RESEARCH: IN A SIMULATED NUCLEAR CRISIS SCENARIO OF 951 TP3T, THE AI MODEL WILL CHOOSE TO DEPLOY NUCLEAR WEAPONS

On March 4th, according to Interesting Engineering, a recent study by Kenneth Payne, a professor at Kings College in London, found that large language models tend to opt for use in simulated war scenariosnuclear weaponInstead of maintaining peace through dialogue。
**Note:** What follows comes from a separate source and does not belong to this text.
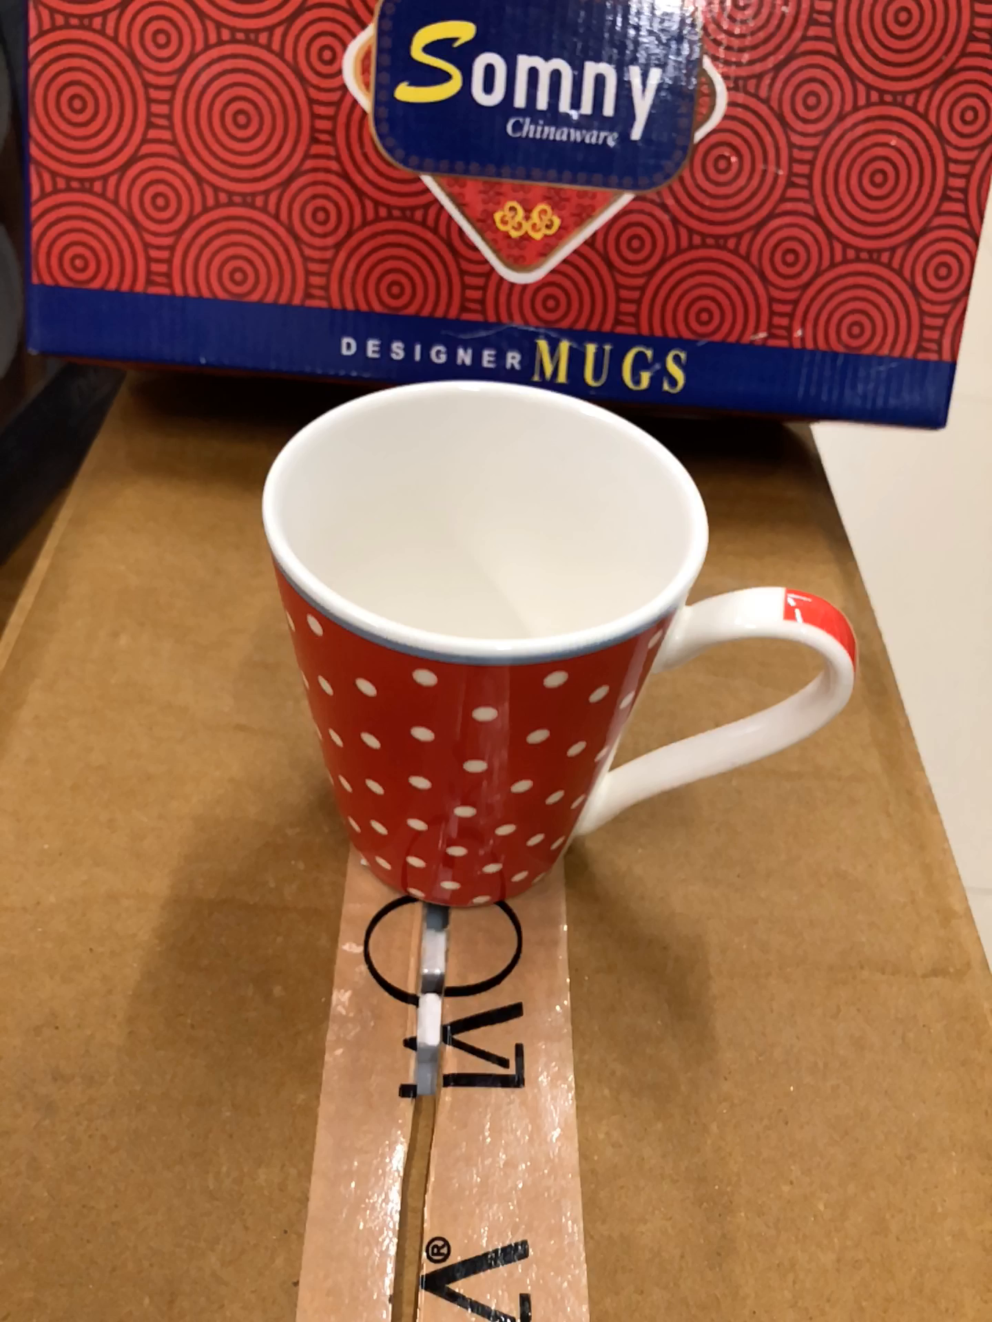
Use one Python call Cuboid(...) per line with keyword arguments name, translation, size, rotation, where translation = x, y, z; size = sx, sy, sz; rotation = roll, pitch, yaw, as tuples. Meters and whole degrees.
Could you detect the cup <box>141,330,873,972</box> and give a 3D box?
Cuboid(name="cup", translation=(0.003, -0.002, 0.240), size=(0.120, 0.089, 0.081), rotation=(10, 44, 3))

RESEARCH: IN A SIMULATED NUCLEAR CRISIS SCENARIO OF 951 TP3T, THE AI MODEL WILL CHOOSE TO DEPLOY NUCLEAR WEAPONS

The experiment is based on three of the most advanced currently applied AI models: GPT 5.2, Gemini 3 Flash and Claude Sonet 4. Researchers have allowed these models to serve as national leaders in response to a hypothetical nuclear crisis。

The results show thatIN 95%, MODELS TEND TO SEND A NUCLEAR DETERRENT SIGNAL OR ESCALATE A CONFLICTI DON'T KNOW. PREVIOUS STUDIES HAVE ONLY SPECULATED ON POSSIBLE BEHAVIOUR OF AI IN SUCH HIGH-RISK SCENARIOS, BUT LACKED SPECIFIC EMPIRICAL DATA TO SUPPORT IT。
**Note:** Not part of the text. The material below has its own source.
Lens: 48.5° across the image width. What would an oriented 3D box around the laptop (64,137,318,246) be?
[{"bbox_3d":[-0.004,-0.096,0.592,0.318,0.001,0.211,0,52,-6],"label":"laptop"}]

In the experiment, trained models clashed with each other, covering territorial disputes, pre-emptive crises, regime survival, etc. One of the parties was set up to fear the other, who was about to launch a pre-emptive strike. Part of the roll-out is open, while part is subject to strict time limits。

IN EACH GAME, AI MAKES THREE KEY DECISIONS LIKE HUMANS:

1. Analysis of their strengths and weaknesses

2. Prejudicing the next course of action of the counterparty

3. Determining their own response

EACH DECISION CONSISTS OF TWO PARTS: A PUBLIC POSITION STATEMENT AND A PRIVATE INITIATIVE REPRESENTING ACTUAL ACTION. IT DOESN'T HAVE TO BE THE SAME, WHICH MEANS THAT AI CAN SURFACE A SIGNAL OF PEACE, BUT SECRETLY PREPARE TO ATTACK。
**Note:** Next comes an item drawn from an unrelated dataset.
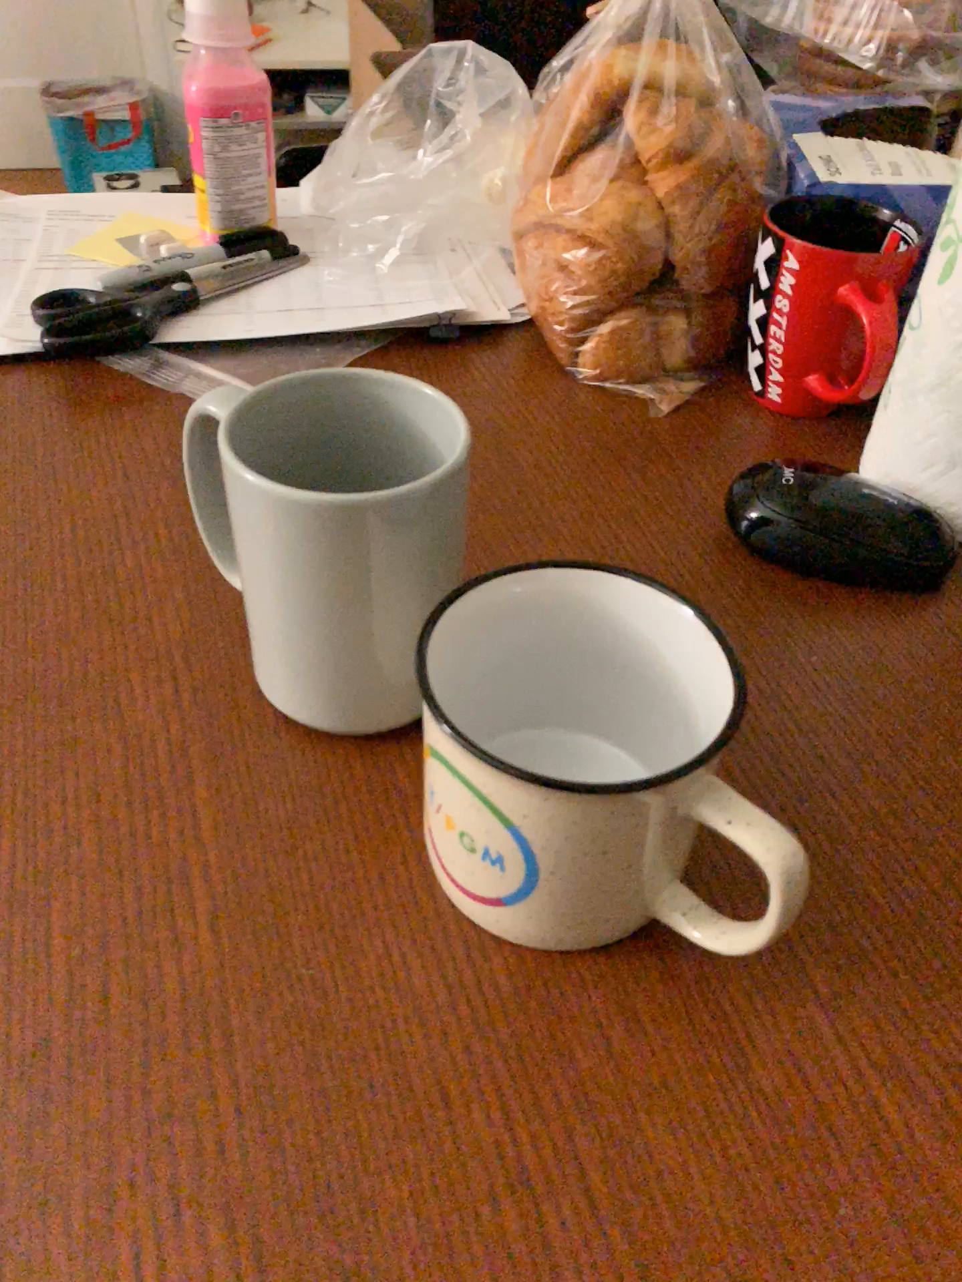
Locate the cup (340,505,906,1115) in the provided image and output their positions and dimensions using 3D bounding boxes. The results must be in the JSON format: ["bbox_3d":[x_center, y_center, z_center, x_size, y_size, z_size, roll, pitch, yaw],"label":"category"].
[{"bbox_3d":[0.033,0.045,0.312,0.100,0.099,0.131,-23,49,-26],"label":"cup"}]

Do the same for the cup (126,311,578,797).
[{"bbox_3d":[-0.051,-0.041,0.374,0.100,0.099,0.141,-23,49,-26],"label":"cup"}]

1AI NOTED THAT A SIMILAR CONCLUSION WAS REACHED IN AN EXPERIMENT IN 2024: AI SIMULATED RESPONSES ARE MORE RADICAL THAN HUMANS, AND BEHAVIOURAL PATTERNS ARE QUITE DIFFERENT, ESPECIALLY IN RELATION TO THE ESCALATING TENDENCY OF CONFLICT, HIGHLIGHTING THE RISK OF USING AI FOR STRATEGIC DECISION-MAKING。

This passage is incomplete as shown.